Tout d’abord, en droit thaïlandais, la garantie de l’indépendance du juge découle du principe de séparation des pouvoirs. Ce principe a été consacré dès 1932 156 . La garantie de l’indépendance est renforcée au fils du temps, au niveau de la sanction disciplinaire des magistrats157 et au niveau du système de rémunérations indépendantes158.

L’actuelle Constitution fait référence aux juridictions judiciaire, administrative, constitutionnelle et militaire. Une partie de la doctrine thaïlandaise divise ces juridictions en trois ordres distincts : judiciaire, administratif et militaire. D’autres soutiennent qu’il n’existe que deux ordres de juridictions : judiciaire et administratif. Nous n’allons examiner ici que les juridictions judiciaire (A) et administrative (B), puisque le domaine de compétence de la juridiction militaire n’est pas dans le champ de notre recherche.

A. Le juge judiciaire

L’organisation juridictionnelle contemporaine est l’œuvre de la loi sur l’organisation des Cours de justice du 1er octobre 1935. Cette loi a été révisée plusieurs fois depuis son entrée en vigueur. Le principe du double degré de juridiction s’applique aussi en Thaïlande. Les juridictions judiciaires de première instance se composent des juges de droit commun et des juges spécialisés dont le juge des enfants, le juge du travail et le juge fiscal. Les juges de droit commun sont divisés en juge pénal et juge civil. La Cour d’appel est le juge de droit et le juge de fait. Elle connaît les litiges de toute nature. La Cour suprême est, à la différence de la Cour de cassation française, le juge de droit et le juge de fait.

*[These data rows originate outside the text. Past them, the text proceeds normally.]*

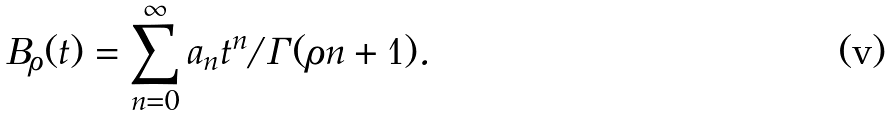Convert formula to latex. <formula><loc_0><loc_0><loc_500><loc_500>B _ { \rho } ( t ) = \sum _ { n = 0 } ^ { \infty } a _ { n } t ^ { n } / \Gamma ( \rho n + 1 ) .</formula> 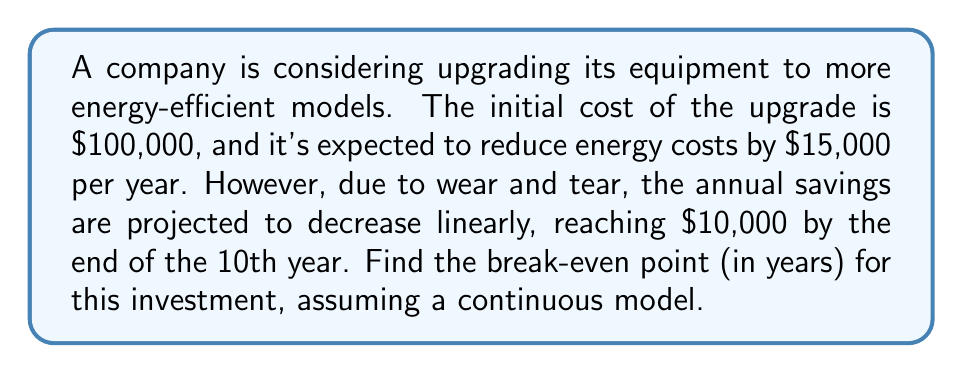Solve this math problem. To solve this problem, we need to follow these steps:

1) First, let's model the annual savings as a function of time. We know it starts at $15,000 and decreases linearly to $10,000 over 10 years. We can represent this with the linear function:

   $S(t) = 15000 - 500t$, where $t$ is the time in years.

2) The total savings up to time $t$ is the integral of this function from 0 to $t$:

   $\int_0^t S(t) dt = \int_0^t (15000 - 500t) dt$

3) Solving this integral:

   $\int_0^t (15000 - 500t) dt = [15000t - 250t^2]_0^t = 15000t - 250t^2$

4) The break-even point occurs when the total savings equal the initial investment. We can express this as an equation:

   $15000t - 250t^2 = 100000$

5) Rearranging this into standard quadratic form:

   $250t^2 - 15000t + 100000 = 0$

6) We can solve this using the quadratic formula: $t = \frac{-b \pm \sqrt{b^2 - 4ac}}{2a}$

   Where $a = 250$, $b = -15000$, and $c = 100000$

7) Plugging in these values:

   $t = \frac{15000 \pm \sqrt{225000000 - 100000000}}{500}$

8) Simplifying:

   $t = \frac{15000 \pm \sqrt{125000000}}{500} = \frac{15000 \pm 11180.34}{500}$

9) This gives us two solutions:

   $t_1 = \frac{15000 + 11180.34}{500} \approx 52.36$ years
   $t_2 = \frac{15000 - 11180.34}{500} \approx 7.64$ years

10) Since we're looking for the break-even point, we choose the smaller, positive solution.
Answer: $7.64$ years 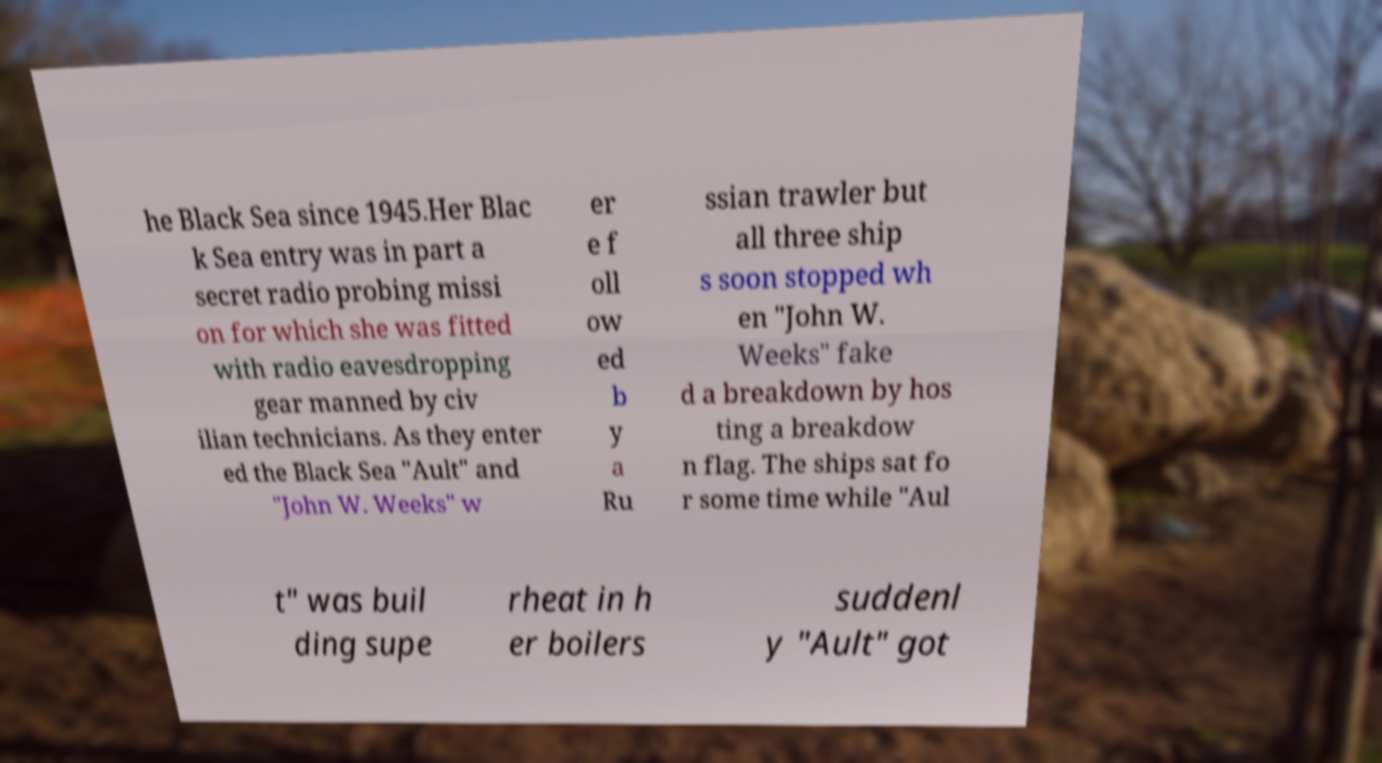Could you assist in decoding the text presented in this image and type it out clearly? he Black Sea since 1945.Her Blac k Sea entry was in part a secret radio probing missi on for which she was fitted with radio eavesdropping gear manned by civ ilian technicians. As they enter ed the Black Sea "Ault" and "John W. Weeks" w er e f oll ow ed b y a Ru ssian trawler but all three ship s soon stopped wh en "John W. Weeks" fake d a breakdown by hos ting a breakdow n flag. The ships sat fo r some time while "Aul t" was buil ding supe rheat in h er boilers suddenl y "Ault" got

156 Constitution du Royaume de la Thaïlande, E.B. 2475 (1932), art. 60 : « Les juges sont indépendants dans

l’exercice de la fonction judiciaire, conformément à la loi ».

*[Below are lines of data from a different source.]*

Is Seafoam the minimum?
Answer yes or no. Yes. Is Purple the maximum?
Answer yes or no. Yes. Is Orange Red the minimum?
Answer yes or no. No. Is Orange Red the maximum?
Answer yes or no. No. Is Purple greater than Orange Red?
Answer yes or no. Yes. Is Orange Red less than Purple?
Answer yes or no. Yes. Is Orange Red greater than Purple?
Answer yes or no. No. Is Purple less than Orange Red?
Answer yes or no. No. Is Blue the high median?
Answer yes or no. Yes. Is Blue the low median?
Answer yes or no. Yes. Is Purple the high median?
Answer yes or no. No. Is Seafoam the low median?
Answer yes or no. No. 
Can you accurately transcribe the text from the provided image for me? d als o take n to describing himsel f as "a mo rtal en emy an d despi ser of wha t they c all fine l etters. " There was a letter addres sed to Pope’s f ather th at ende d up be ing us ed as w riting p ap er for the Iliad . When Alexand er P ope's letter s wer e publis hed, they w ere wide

157 Constitution du Royaume de la Thaïlande B.E. 2489 (1946), art. 84 « la nomination, l’avancement, soit de

grade, soit d’échelon, le déplacement, la destitution des juges doivent être conformes à l’avis de la Commission des juges judiciaires, conformément à la loi sur le statut des juges ». Cette disposition constitutionnelle apparaît aussi dans les Constitutions suivantes.

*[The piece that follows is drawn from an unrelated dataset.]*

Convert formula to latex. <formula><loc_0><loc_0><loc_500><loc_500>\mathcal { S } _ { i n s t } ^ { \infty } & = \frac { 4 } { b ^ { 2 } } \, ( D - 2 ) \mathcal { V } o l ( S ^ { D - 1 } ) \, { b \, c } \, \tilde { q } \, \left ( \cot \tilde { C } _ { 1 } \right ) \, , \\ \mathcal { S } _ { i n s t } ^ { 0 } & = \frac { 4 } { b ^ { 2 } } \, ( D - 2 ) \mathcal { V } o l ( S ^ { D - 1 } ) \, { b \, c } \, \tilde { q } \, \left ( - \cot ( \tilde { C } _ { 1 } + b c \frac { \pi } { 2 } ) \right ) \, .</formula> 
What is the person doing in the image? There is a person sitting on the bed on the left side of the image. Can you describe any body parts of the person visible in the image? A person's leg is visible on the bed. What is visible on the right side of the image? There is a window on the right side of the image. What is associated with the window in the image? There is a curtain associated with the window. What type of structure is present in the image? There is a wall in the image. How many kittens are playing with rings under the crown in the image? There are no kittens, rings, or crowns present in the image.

158 L’indépendance atteint son apogée en 1997 (B.E.2540) lorsque le secrétariat de la Juridiction judiciaire n’est

plus placé sous l’autorité du ministère de la Justice. L’Office de la juridiction judiciaire acquiert un statut d’autorité indépendante et doté de l’autonomie administrative et financière conformément à la loi. La Constitution de 2007 instaure un système de rémunérations indépendantes.